Heat Transport without Heating?
Hot Electrons – a very special form of heat transport in metals
Felix Stete/Jan Pudell
Fascinating phenomena can occur with very thin metal composite structures in the nanometer range, as physicists from Germany and France have now discovered using ultrafast X-ray experiments. They observed that a platinum film only few atomic layers thick transfers heat to an underlying nickel film of comparable thickness. The nickel film heats up much more than the 100 nanometer thick copper layer in between, through which the heat is conducted. “If you stir hot soup with a metal spoon, you would be surprised if the spoon was hotter at the end than the middle” physicist Prof. Dr. Mathias Bargheer explains the phenomenon.
Laser experiments show that by heating the front end of the structure, the lattice of the back end is heated much more rapidly and efficiently than the middle part through which the heat is transported. At the time when the nickel lattice is maximally heated, no significant heat has entered the copper lattice. The transport through the copper layer is carried by hot electrons, which fly towards the nickel almost without collisions with the crystal lattice.
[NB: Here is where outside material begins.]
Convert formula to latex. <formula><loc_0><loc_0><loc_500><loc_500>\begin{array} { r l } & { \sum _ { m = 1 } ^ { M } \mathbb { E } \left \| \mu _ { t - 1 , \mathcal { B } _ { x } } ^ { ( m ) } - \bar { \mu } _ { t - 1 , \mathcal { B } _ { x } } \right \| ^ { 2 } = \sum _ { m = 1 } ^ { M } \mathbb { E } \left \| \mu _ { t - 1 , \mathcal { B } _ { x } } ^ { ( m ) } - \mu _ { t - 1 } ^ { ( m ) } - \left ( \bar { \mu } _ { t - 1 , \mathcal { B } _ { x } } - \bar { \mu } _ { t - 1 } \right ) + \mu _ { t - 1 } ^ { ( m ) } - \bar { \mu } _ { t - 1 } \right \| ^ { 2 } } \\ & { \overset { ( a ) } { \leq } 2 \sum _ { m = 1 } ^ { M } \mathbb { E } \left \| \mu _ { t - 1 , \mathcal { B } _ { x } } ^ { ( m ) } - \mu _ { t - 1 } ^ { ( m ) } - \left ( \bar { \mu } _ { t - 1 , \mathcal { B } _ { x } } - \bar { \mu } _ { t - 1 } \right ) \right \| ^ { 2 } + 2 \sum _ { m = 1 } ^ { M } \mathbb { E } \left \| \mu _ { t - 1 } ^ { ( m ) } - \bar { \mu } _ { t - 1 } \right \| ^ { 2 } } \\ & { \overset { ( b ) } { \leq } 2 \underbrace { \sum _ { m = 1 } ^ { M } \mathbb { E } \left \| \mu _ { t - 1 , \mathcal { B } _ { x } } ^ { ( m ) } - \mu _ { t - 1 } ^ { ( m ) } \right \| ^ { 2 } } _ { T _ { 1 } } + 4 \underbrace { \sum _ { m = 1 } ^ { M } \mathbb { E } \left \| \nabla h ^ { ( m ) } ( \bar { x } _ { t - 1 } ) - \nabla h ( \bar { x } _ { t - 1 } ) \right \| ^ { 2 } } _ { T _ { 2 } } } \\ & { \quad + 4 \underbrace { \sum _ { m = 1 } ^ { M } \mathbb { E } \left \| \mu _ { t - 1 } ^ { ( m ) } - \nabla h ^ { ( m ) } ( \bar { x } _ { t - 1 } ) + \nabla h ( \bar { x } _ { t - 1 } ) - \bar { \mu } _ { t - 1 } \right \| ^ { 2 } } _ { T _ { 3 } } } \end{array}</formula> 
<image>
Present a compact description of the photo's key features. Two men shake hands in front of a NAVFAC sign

The electrons are much more strongly coupled to the lattice motion in the nickel, which is why a lot of thermal energy is transferred locally into lattice vibrations there.
The findings were obtained with ultrafast X-ray diffraction experiments. Very short X-ray pulses are used in these experiments which combine a spatial resolution on an atomic scale with a time resolution in the femtosecond range, thus enabling direct measurements of changes in the structure of a crystal lattice. In contrast to optical experiments, X-rays can also be used to observe processes under reflective metal layers and to differentiate the developments in the individual components of a layer stack.